First published: Fri Jan 05 2007(Updated: )
** DISPUTED ** Microsoft Internet Information Services (IIS), when accessed through a TCP connection with a large window size, allows remote attackers to cause a denial of service (network bandwidth consumption) via a Range header that specifies multiple copies of the same fragment.

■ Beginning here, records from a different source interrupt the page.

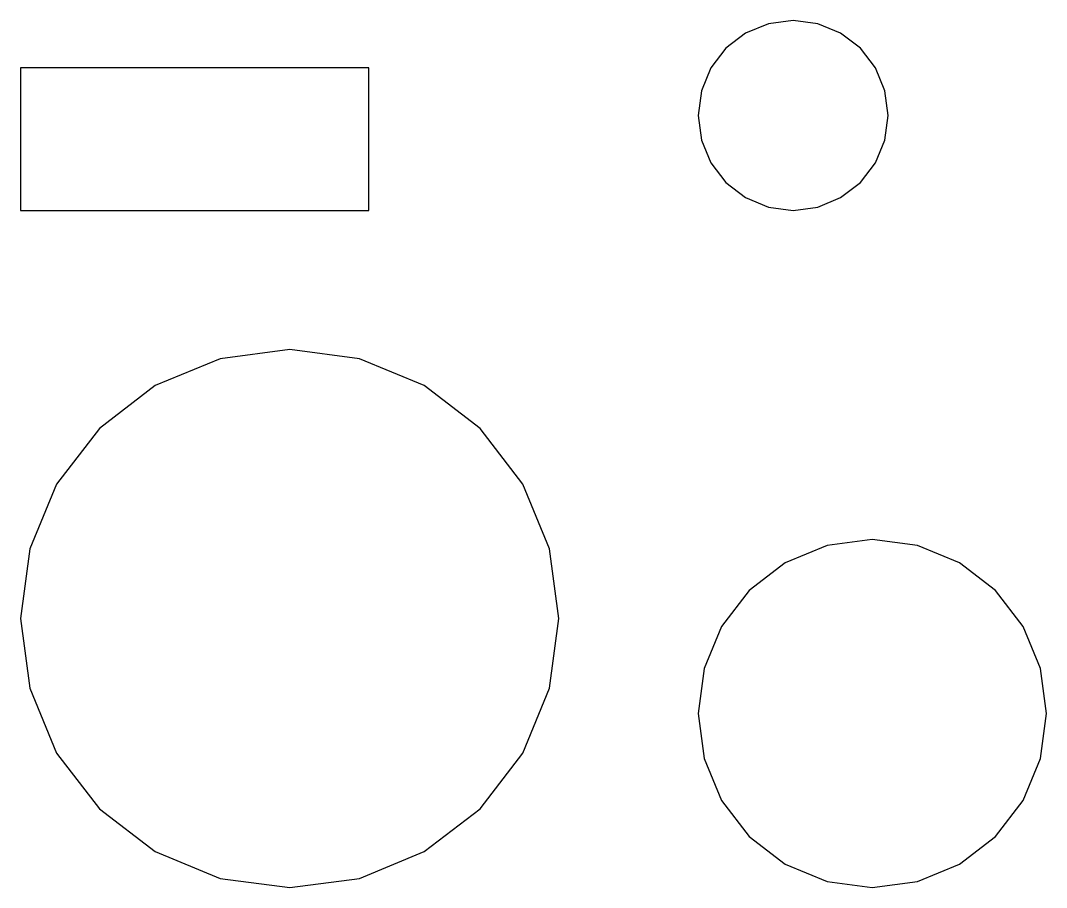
# Model space of a CAD drawing. Header units: millimetres. Extents: x 0 to 648, y 0 to 548.
import ezdxf

# ---------------------------------------------------------------- set-up
doc = ezdxf.new("R2010")
doc.units = ezdxf.units.MM

msp = doc.modelspace()

# ---------------------------------------------------------------- linework, layer by layer
at = {"layer": 'PART001'}
msp.add_lwpolyline([(0, 170), (5.79, 126), (22.78, 85), (49.79, 49.79), (85, 22.78), (126, 5.79), (170, 0), (214, 5.79), (255, 22.78), (290.21, 49.79), (317.22, 85), (334.21, 126), (340, 170), (334.21, 214), (317.22, 255), (290.21, 290.21), (255, 317.22), (214, 334.21), (170, 340), (126, 334.21), (85, 317.22), (49.79, 290.21), (22.78, 255), (5.79, 214)], close=True, dxfattribs=at)
at = {"layer": 'PART002'}
msp.add_lwpolyline([(428, 110), (431.75, 81.53), (442.74, 55), (460.22, 32.22), (483, 14.74), (509.53, 3.75), (538, 0), (566.47, 3.75), (593, 14.74), (615.78, 32.22), (633.26, 55), (644.25, 81.53), (648, 110), (644.25, 138.47), (633.26, 165), (615.78, 187.78), (593, 205.26), (566.47, 216.25), (538, 220), (509.53, 216.25), (483, 205.26), (460.22, 187.78), (442.74, 165), (431.75, 138.47)], close=True, dxfattribs=at)
at = {"layer": 'PART003'}
msp.add_lwpolyline([(220, 518), (0, 518), (0, 428), (220, 428)], close=True, dxfattribs=at)
at = {"layer": 'PART004'}
msp.add_lwpolyline([(488, 548), (472.47, 545.96), (458, 539.96), (445.57, 530.43), (436.04, 518), (430.04, 503.53), (428, 488), (430.04, 472.47), (436.04, 458), (445.57, 445.57), (458, 436.04), (472.47, 430.04), (488, 428), (503.53, 430.04), (518, 436.04), (530.43, 445.57), (539.96, 458), (545.96, 472.47), (548, 488), (545.96, 503.53), (539.96, 518), (530.43, 530.43), (518, 539.96), (503.53, 545.96)], close=True, dxfattribs=at)

doc.saveas('drawing.dxf')
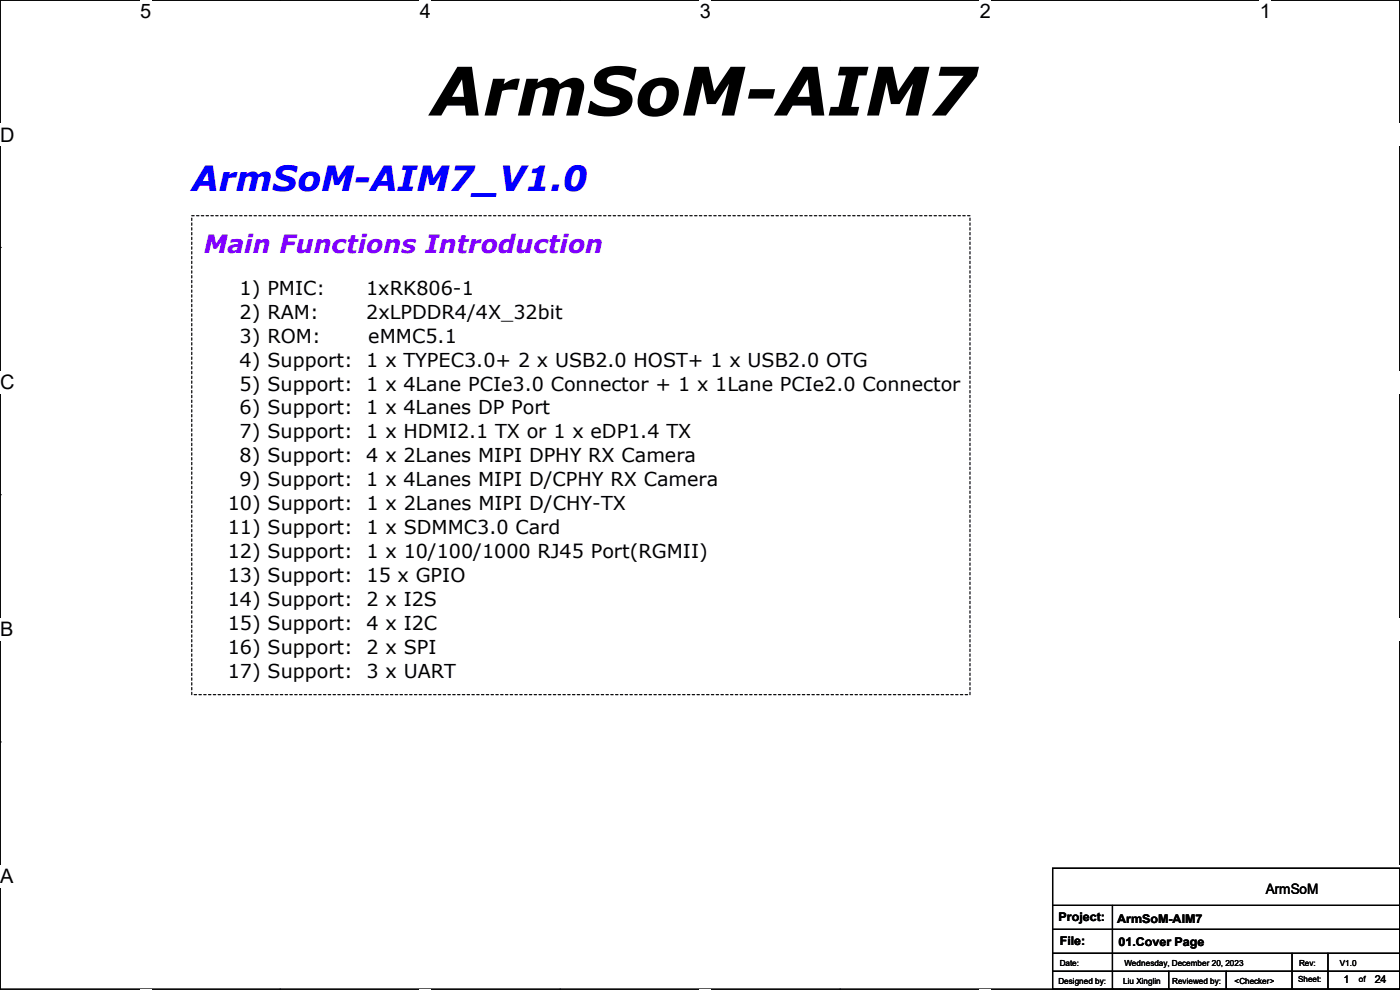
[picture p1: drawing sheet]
<svg xmlns="http://www.w3.org/2000/svg" width="297mm" height="210mm" viewBox="0 0 297 210" stroke-linecap="round" stroke-linejoin="round" font-family="sans-serif">
<defs><g id="words">
<text font-size="14.2" x="91.5" y="24.5">ArmSoM-AIM7</text>
<text font-size="7.4" fill="#00f" x="40.7" y="40.5">ArmSoM-AIM7_V1.0</text>
<text font-size="5.3" fill="#8000ff" x="43.2" y="53.6">Main Functions Introduction</text>
<g font-size="4.2">
<text x="29.7" y="3.9">5</text>
<text x="89.1" y="3.9">4</text>
<text x="148.5" y="3.9">3</text>
<text x="207.9" y="3.9">2</text>
<text x="267.3" y="3.9">1</text>
<text x="0" y="30.1">D</text>
<text x="0" y="82.5">C</text>
<text x="0" y="135">B</text>
<text x="0" y="187.4">A</text>
<text x="297" y="187.4">A</text>
</g>
<g font-size="4.1">
<text x="50.8" y="62.5">1) PMIC:</text>
<text x="77.7" y="62.5">1xRK806-1</text>
<text x="50.8" y="67.6">2) RAM:</text>
<text x="77.7" y="67.6">2xLPDDR4/4X_32bit</text>
<text x="50.8" y="77.8">4) Support:</text>
<text x="50.8" y="72.7">3) ROM:</text>
<text x="77.7" y="77.8">1 x TYPEC3.0+ 2 x USB2.0 HOST+ 1 x USB2.0 OTG</text>
<text x="78.1" y="72.7">eMMC5.1</text>
<text x="50.8" y="82.8">5) Support:</text>
<text x="77.7" y="82.8">1 x 4Lane PCIe3.0 Connector + 1 x 1Lane PCIe2.0 Connector</text>
<text x="50.8" y="87.9">6) Support:</text>
<text x="77.7" y="87.9">1 x 4Lanes DP Port</text>
<text x="50.8" y="93">7) Support:</text>
<text x="77.7" y="93">1 x HDMI2.1 TX or 1 x eDP1.4 TX</text>
<text x="50.8" y="98.1">8) Support:</text>
<text x="77.7" y="98.1">4 x 2Lanes MIPI DPHY RX Camera</text>
<text x="50.8" y="103.2">9) Support:</text>
<text x="77.7" y="103.2">1 x 4Lanes MIPI D/CPHY RX Camera</text>
<text x="48.3" y="113.3">11) Support:</text>
<text x="48.3" y="108.2">10) Support:</text>
<text x="77.8" y="113.3">1 x SDMMC3.0 Card</text>
<text x="77.8" y="108.2">1 x 2Lanes MIPI D/CHY-TX</text>
<text x="48.3" y="118.4">12) Support:</text>
<text x="77.8" y="118.4">1 x 10/100/1000 RJ45 Port(RGMII)</text>
<text x="48.3" y="123.5">13) Support:</text>
<text x="77.8" y="123.5">15 x GPIO</text>
<text x="48.3" y="128.6">14) Support:</text>
<text x="77.8" y="128.6">2 x I2S</text>
<text x="48.3" y="133.6">15) Support:</text>
<text x="77.8" y="133.6">4 x I2C</text>
<text x="48.3" y="138.7">16) Support:</text>
<text x="48.3" y="143.8">17) Support:</text>
<text x="77.8" y="138.7">2 x SPI</text>
<text x="77.8" y="143.8">3 x UART</text>
</g>
<text font-size="3" x="268.5" y="189.7">ArmSoM</text>
<g font-size="2.5">
<text x="224.6" y="195.5">Project:</text>
<text x="237" y="195.7">ArmSoM-AIM7</text>
<text x="224.8" y="200.5">File:</text>
<text x="237.3" y="200.8">01.Cover Page</text>
</g>
<g font-size="2.3">
<text x="285" y="208.6">1</text>
<text x="291.6" y="208.6">24</text>
</g>
<g font-size="1.8">
<text x="224.6" y="208.7">Designed by:</text>
<text x="224.8" y="204.9">Date:</text>
<text x="238.3" y="208.7">Liu Xinglin</text>
<text x="238.5" y="204.9">Wednesday, December 20, 2023</text>
<text x="248.7" y="208.7">Reviewed by:</text>
<text x="261.9" y="208.7">&lt;Checker&gt;</text>
<text x="275.4" y="208.4">Sheet:</text>
<text x="275.6" y="204.9">Rev:</text>
<text x="284.3" y="204.9">V1.0</text>
<text x="288.3" y="208.4">of</text>
</g>
</g></defs>
<path d="M0 0h297v209.8h-297z" fill="none" stroke="#000" stroke-width=".25"/>
<g fill="#fff">
<path d="M29.7 0h2.4v4.8h-2.4z"/>
<path d="M29.7 209.8h2.4v.2h-2.4z"/>
</g>
<path d="M59.4 0h.1M59.4 209.8h.1" fill="none" stroke="#000" stroke-width=".25"/>
<g fill="#fff">
<path d="M89.1 0h2.3v4.8h-2.3z"/>
<path d="M89.1 209.8h2.3v.2h-2.3z"/>
</g>
<path d="M118.8 0h.1M118.8 209.8h.1" fill="none" stroke="#000" stroke-width=".25"/>
<g fill="#fff">
<path d="M148.5 0h2.3v4.8h-2.3z"/>
<path d="M148.5 209.8h2.3v.2h-2.3z"/>
</g>
<path d="M178.2 0h.1M178.2 209.8h.1" fill="none" stroke="#000" stroke-width=".25"/>
<g fill="#fff">
<path d="M207.9 0h2.3v4.8h-2.3z"/>
<path d="M207.9 209.8h2.3v.2h-2.3z"/>
</g>
<path d="M237.6 0h.1M237.6 209.8h.1" fill="none" stroke="#000" stroke-width=".25"/>
<g fill="#fff">
<path d="M267.3 0h2.3v4.8h-2.3z"/>
<path d="M267.3 209.8h2.3v.2h-2.3z"/>
<path d="M0 26.2h3.1v4.8h-3.1z"/>
<path d="M297 26.2v4.8z"/>
<path d="M0 78.7h3.1v4.7h-3.1z"/>
<path d="M297 78.7v4.7z"/>
</g>
<path d="M0 52.5h.1M297 52.5h.1" fill="none" stroke="#000" stroke-width=".25"/>
<g fill="#fff">
<path d="M0 131.1h2.9v4.8h-2.9z"/>
<path d="M297 131.1v4.8z"/>
</g>
<path d="M0 104.9h.1M297 104.9h.1" fill="none" stroke="#000" stroke-width=".25"/>
<g fill="#fff">
<path d="M0 183.6h2.9v4.7h-2.9z"/>
<path d="M296.9 183.6h.1v4.7h-.1z"/>
</g>
<g fill="none" stroke="#000" stroke-width=".25">
<path d="M0 157.4h.1M297 157.4h.1M223.3 184.2h73.7v25.6h-73.7zM223.3 192.1h73.7M223.3 197.1h73.7M236 192.1v17.7M297 192.1h.1M297 197.1h.1M223.3 202.2h73.7M223.3 206h73.7M236 209.8h.1M247.9 209.8h.1"/>
<path d="M247.9 206v3.8M260.1 209.8h.1M260.1 206v3.8M274.1 209.8h.1M274.1 202.2v7.6M281.7 209.8h.1M281.7 202.2v7.6M297 202.2h.1M297 206h.1"/>
</g>
<path d="M40.7 45.8h165.1v101.6h-165.1z" fill="none" stroke="#000" stroke-width=".25" stroke-dasharray=".5"/>
<use href="#words"/>
</svg>

NOTE: the severity of this issue has been disputed by third parties, who state that the large window size required by the attack is not normally supported or configured by the server, or that a DDoS-style attack would accomplish the same goal.
Credit: cve@mitre.org
Affected Software | Affected Version | How to fix |
---|---|---|
Microsoft Internet Information Services |
Sign up to SecAlerts for real-time vulnerability data matched to your software, aggregated from hundreds of sources.
CVE-2007-0087 is considered a denial of service vulnerability that can impact the availability of Microsoft Internet Information Services.
To mitigate CVE-2007-0087, implement network filters to restrict large TCP window sizes and monitor unusual traffic patterns.
CVE-2007-0087 affects users of Microsoft Internet Information Services that allow for large TCP connections.
The impact of CVE-2007-0087 is that an attacker can consume network bandwidth, leading to potential service interruptions.
A practical workaround for CVE-2007-0087 includes adjusting server configurations to limit the handling of malicious Range headers.